Maggie snapped her fingers. ‘Of course. Yours is the name on the instruction sheet.’
‘I am its designer,’ he said, not particularly modestly, and his wife rolled her eyes. ‘From all accounts you got the measure of it very quickly – amazingly so, if you don’t mind my saying it. Well, I come bearing gifts. I have fifteen more translators for you and your crew. Of course, they are still only prototypes, though refined versions. As we develop them further both parties are learning to use the gadgets – trolls and humans, I mean. As I’m sure you’ve found out, trolls are patient and they learn just as fast as humans, oh my goodness how they learn, and of course they remember; they remember everything.’
‘Well – thank you,’ Maggie said, nonplussed. ‘We’ll happily take possession of the troll-calls, after
security checks . . . You know Sally Linsay, I take it. And – I have to ask – are you associated with the Black Corporation?’
‘Oh my dear lady, two interrogations in one sentence! Of course I know Sally – a remarkable judge of people. And as harsh as a hanging judge when she’s in the mood! As for the Black Corporation—’ He sighed. ‘Yes, of course they are involved. Captain, I am independent, I have my own workshop – yes, I am in partnership with the Black Corporation, but they don’t own me.

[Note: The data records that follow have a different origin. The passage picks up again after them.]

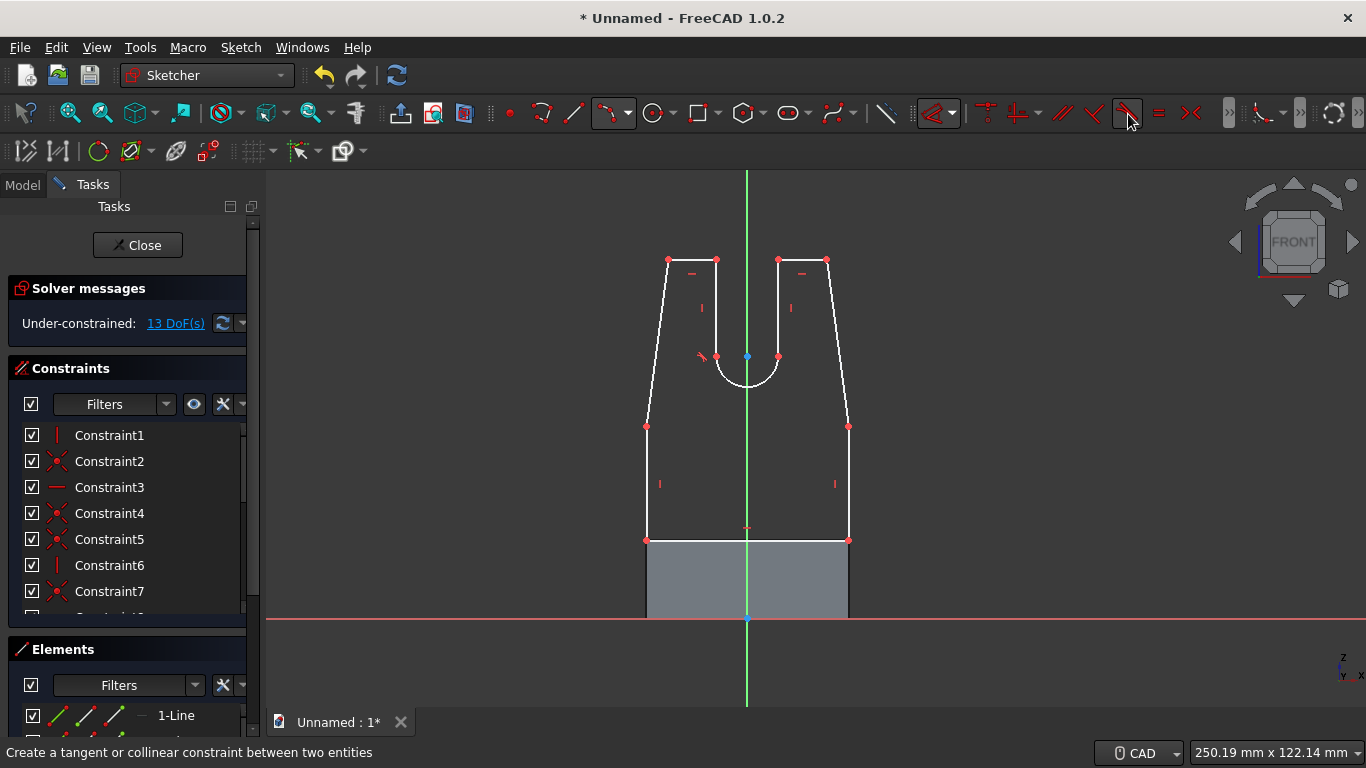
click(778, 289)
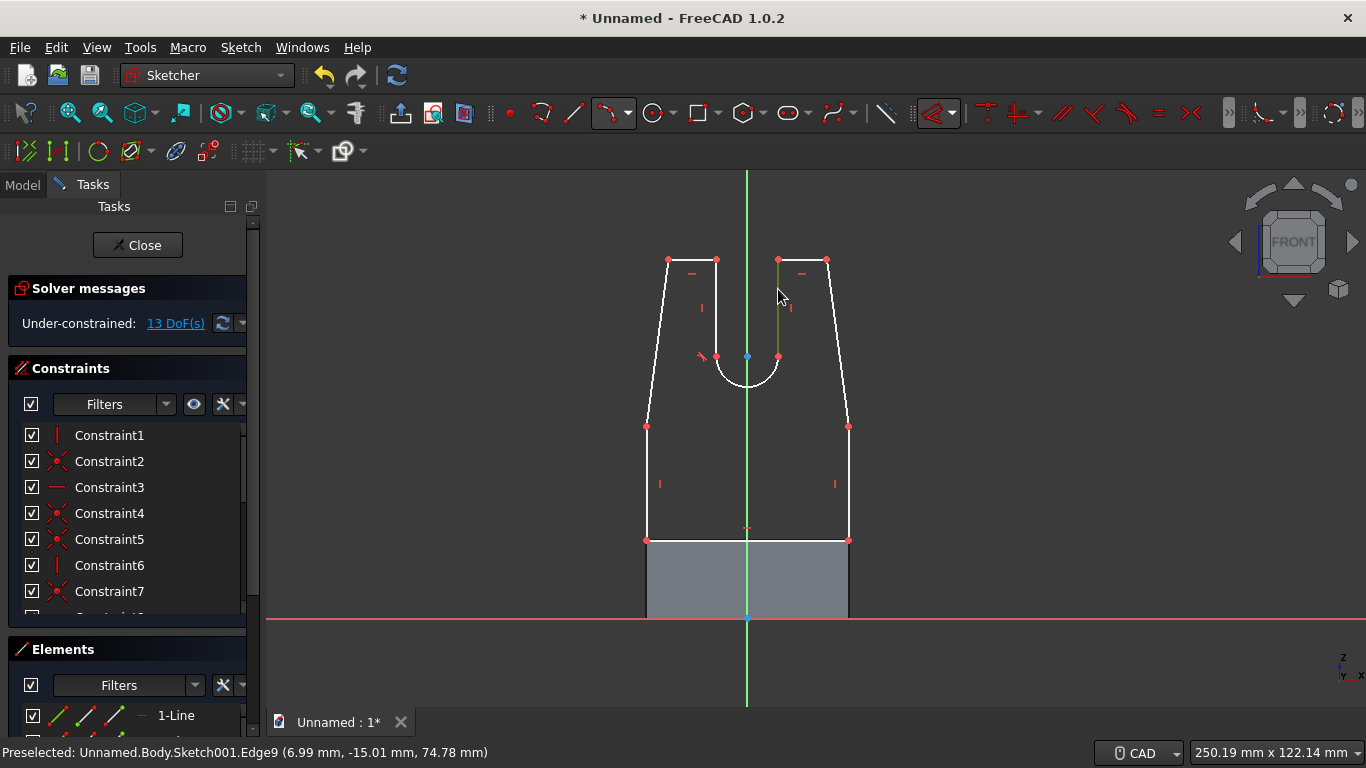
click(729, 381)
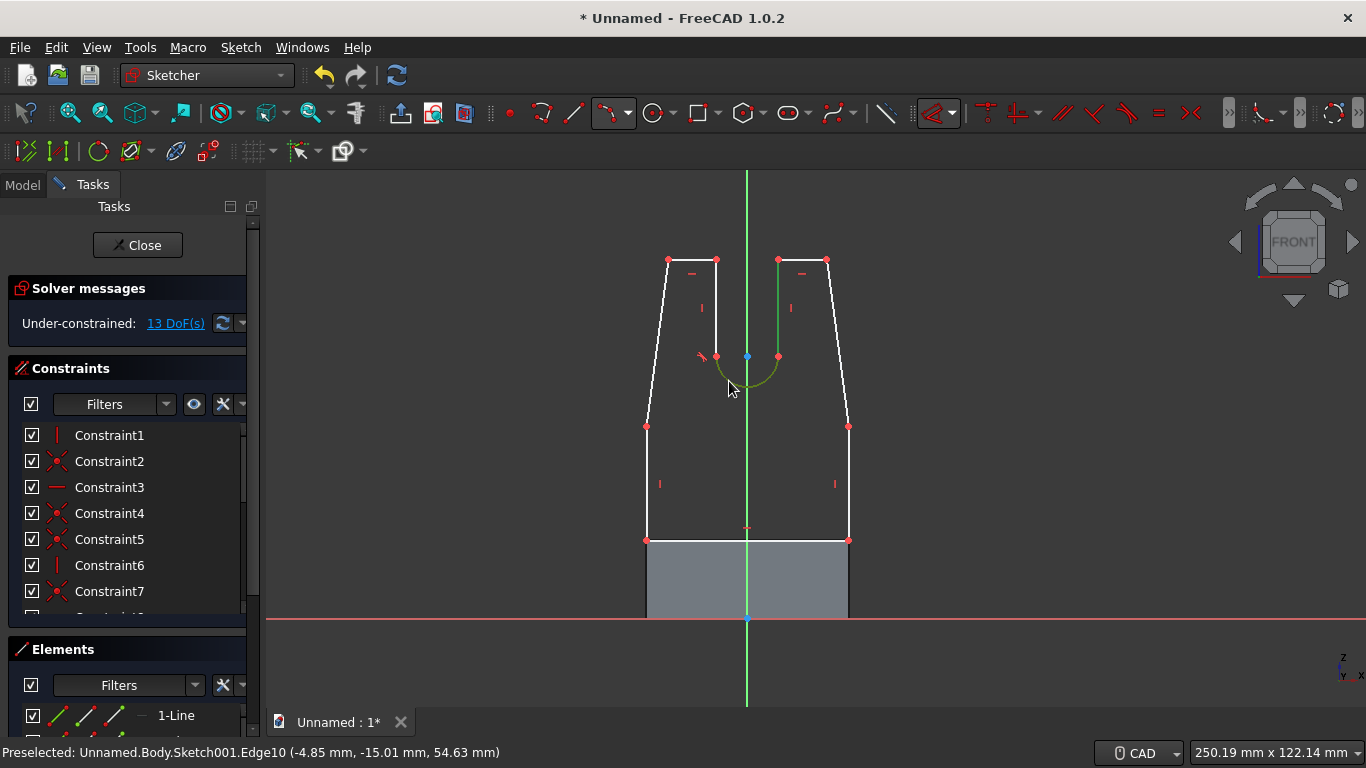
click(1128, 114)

They did fund my work, and arranged delivery of the prototype to you.’
‘Once again Douglas Black is giving away technological treasures for free?’
‘My impression is that Douglas Black believes that to release such a technology should in the long term have a beneficial effect on humanity’s career in the Long Earth. And in the short term it may heal our fractured relationship with the trolls. I of course have worked closely with the trolls in the course of my studies. What wonderful beasts they are! Don’t you think? And so soulful! Anybody who has ever owned pets knows that animals have something which equates to a soul . . .’
The wife nudged him. ‘You’re preaching, George. And what’s more, to the converted. We’ve done what we came to do. Now it’s time to wave goodbye and let these good people get about their duties.’
That seemed to be that. Slightly bewildered, Maggie and her officers arranged to collect the troll-calls, and rose to wish the couple goodbye. The wife, who seemed oddly elderly compared with the husband, fussed as they retreated to their ship: ‘Do get on, dear. Remember your prostate!’
‘Don’t ham it up too much, Agnes . . .’
It was only after they had gone that Mac looked around and said, ‘What happened to that damn cat?’
Their next assignment was in a stepwise Nebraska, on the way back to the Corn Belt, where the hunter-gatherer-type wandering inhabitants of nearby parallel Americas periodically got together for what they described as a ‘hootenanny’. A mixture of marriage market, farmers’ auction, rock concert and Hell’s Angels gathering, these events were magnets for trouble. But for the Franklin the assignment was routine, the ship’s very presence a deterrent to disorder.